▶ WORK INSTRUCTIONS
Although the entries contain pictures, repeat only their words, exactly as written.

+++ TASK DATA +++

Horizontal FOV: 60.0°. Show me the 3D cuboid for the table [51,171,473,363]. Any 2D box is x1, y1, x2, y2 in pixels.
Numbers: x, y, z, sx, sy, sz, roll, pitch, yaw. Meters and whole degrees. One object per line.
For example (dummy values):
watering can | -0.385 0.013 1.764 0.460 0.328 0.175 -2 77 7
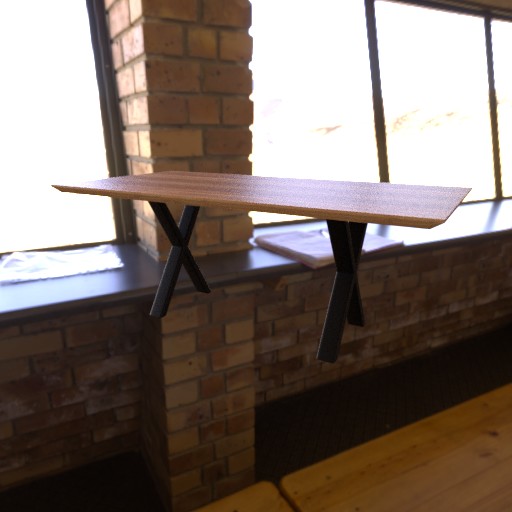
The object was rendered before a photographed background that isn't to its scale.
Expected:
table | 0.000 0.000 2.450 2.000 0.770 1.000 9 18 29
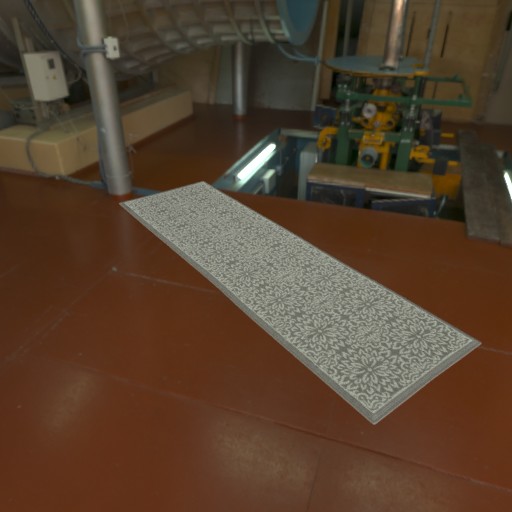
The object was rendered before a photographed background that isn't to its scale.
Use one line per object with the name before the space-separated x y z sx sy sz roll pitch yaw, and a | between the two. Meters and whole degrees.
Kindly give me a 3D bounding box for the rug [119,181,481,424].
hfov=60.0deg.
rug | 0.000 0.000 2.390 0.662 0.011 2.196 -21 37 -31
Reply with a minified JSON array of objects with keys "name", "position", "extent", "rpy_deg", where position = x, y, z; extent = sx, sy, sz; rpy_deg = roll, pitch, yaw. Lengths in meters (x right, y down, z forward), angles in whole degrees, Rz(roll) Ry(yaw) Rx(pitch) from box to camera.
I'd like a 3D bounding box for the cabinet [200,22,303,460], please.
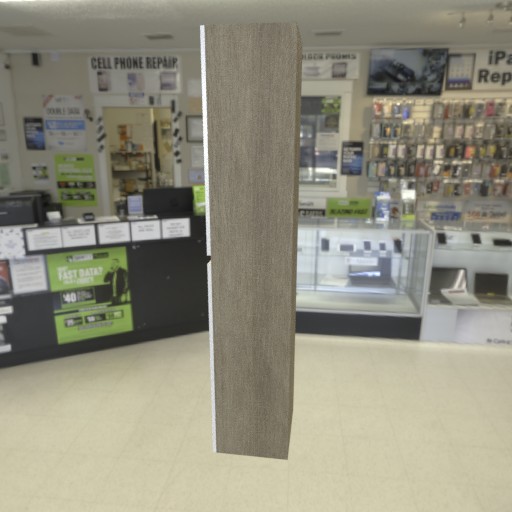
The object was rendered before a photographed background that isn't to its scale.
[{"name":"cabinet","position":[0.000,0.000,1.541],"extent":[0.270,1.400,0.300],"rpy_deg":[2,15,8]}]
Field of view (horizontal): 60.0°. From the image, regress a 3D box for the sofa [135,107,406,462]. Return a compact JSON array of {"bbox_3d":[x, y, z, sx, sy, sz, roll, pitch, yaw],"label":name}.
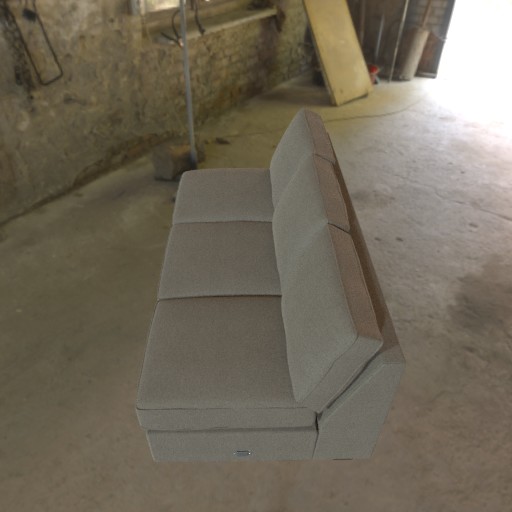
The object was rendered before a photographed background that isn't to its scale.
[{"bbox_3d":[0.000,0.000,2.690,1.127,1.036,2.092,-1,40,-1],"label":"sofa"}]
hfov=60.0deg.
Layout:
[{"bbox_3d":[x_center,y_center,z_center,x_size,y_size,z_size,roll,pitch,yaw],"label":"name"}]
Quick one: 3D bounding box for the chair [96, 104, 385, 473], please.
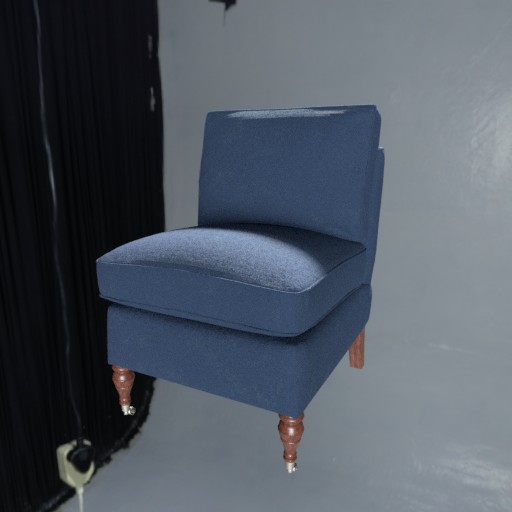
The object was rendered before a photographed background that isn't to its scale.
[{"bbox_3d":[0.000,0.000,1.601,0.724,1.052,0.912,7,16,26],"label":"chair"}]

+++

▶ SOLVED EXERCISE
Horizontal FOV: 60.0°. Show me the 3D cuboid for the table [51,171,473,363]. Any 2D box is x1, y1, x2, y2 in pixels.
Numbers: x, y, z, sx, sy, sz, roll, pitch, yaw. Meters and whole degrees. One object per line.
For example (dummy values):
watering can | -0.385 0.013 1.764 0.460 0.328 0.175 -2 77 7
The object was rendered before a photographed background that isn't to its scale.
Expected:
table | 0.000 0.000 2.450 2.000 0.770 1.000 9 18 29
The object was rendered before a photographed background that isn't to its scale.
Use one line per object with the name before the space-separated x y z sx sy sz roll pitch yaw, and a | between the two. Meters and whole degrees.
Kindly give me a 3D bounding box for the rug [119,181,481,424].
hfov=60.0deg.
rug | 0.000 0.000 2.390 0.662 0.011 2.196 -21 37 -31
Reply with a minified JSON array of objects with keys "name", "position", "extent", "rpy_deg", where position = x, y, z; extent = sx, sy, sz; rpy_deg = roll, pitch, yaw. Lengths in meters (x right, y down, z forward), angles in whole degrees, Rz(roll) Ry(yaw) Rx(pitch) from box to camera.
I'd like a 3D bounding box for the cabinet [200,22,303,460], please.
The object was rendered before a photographed background that isn't to its scale.
[{"name":"cabinet","position":[0.000,0.000,1.541],"extent":[0.270,1.400,0.300],"rpy_deg":[2,15,8]}]
Field of view (horizontal): 60.0°. From the image, regress a 3D box for the sofa [135,107,406,462]. Return a compact JSON array of {"bbox_3d":[x, y, z, sx, sy, sz, roll, pitch, yaw],"label":name}.
The object was rendered before a photographed background that isn't to its scale.
[{"bbox_3d":[0.000,0.000,2.690,1.127,1.036,2.092,-1,40,-1],"label":"sofa"}]
hfov=60.0deg.
Layout:
[{"bbox_3d":[x_center,y_center,z_center,x_size,y_size,z_size,roll,pitch,yaw],"label":"name"}]
Quick one: 3D bounding box for the chair [96, 104, 385, 473], please.
The object was rendered before a photographed background that isn't to its scale.
[{"bbox_3d":[0.000,0.000,1.601,0.724,1.052,0.912,7,16,26],"label":"chair"}]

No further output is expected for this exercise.